Exercise input:

*** Block opens ***

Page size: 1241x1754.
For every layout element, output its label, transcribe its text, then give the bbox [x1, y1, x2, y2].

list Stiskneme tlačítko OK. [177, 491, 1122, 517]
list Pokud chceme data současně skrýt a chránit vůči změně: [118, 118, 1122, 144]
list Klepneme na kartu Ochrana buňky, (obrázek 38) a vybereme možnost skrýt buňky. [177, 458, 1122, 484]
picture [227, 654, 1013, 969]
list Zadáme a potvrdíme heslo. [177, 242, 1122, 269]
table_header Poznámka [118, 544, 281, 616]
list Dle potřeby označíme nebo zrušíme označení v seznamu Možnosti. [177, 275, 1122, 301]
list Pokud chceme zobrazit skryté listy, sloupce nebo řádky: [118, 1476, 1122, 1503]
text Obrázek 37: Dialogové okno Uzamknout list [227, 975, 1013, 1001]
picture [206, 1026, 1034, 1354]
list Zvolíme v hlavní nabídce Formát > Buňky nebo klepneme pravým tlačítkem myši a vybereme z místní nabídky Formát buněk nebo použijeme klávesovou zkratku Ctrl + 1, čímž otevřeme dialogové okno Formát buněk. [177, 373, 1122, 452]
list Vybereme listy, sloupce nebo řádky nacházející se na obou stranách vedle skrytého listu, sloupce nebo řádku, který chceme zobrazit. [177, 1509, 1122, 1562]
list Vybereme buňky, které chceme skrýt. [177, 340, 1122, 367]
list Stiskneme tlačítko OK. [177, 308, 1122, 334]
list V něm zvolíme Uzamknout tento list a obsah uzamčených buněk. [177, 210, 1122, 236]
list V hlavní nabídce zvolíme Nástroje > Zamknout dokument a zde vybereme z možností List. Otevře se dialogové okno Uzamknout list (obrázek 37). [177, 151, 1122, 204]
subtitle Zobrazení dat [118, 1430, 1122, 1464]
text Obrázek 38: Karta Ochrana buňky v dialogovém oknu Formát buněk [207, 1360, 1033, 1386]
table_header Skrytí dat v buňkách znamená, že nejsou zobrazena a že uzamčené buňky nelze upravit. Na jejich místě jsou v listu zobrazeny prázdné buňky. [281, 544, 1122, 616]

*** Block closes ***
*** Block opens ***

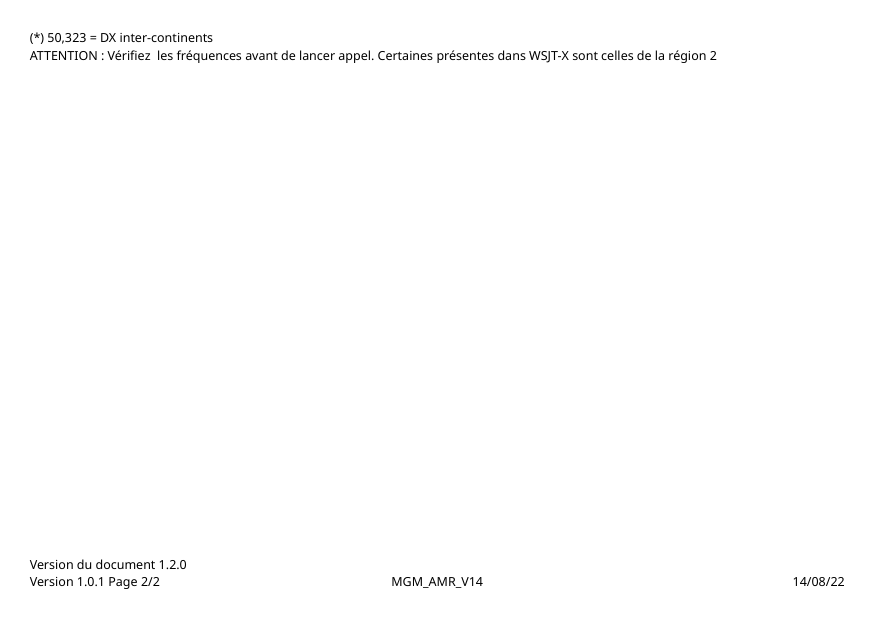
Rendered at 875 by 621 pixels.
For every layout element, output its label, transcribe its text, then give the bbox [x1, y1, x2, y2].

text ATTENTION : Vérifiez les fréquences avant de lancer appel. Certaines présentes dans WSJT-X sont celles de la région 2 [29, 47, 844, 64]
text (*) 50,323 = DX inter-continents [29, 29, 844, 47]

*** Block closes ***
*** Block opens ***

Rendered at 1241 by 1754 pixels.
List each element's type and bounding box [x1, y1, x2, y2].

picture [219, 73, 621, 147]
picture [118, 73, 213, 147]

*** Block closes ***

Where does the word "pixels" appear in the listing? List each line that holds it.

The completed task:
Rendered at 875 by 621 pixels.
Rendered at 1241 by 1754 pixels.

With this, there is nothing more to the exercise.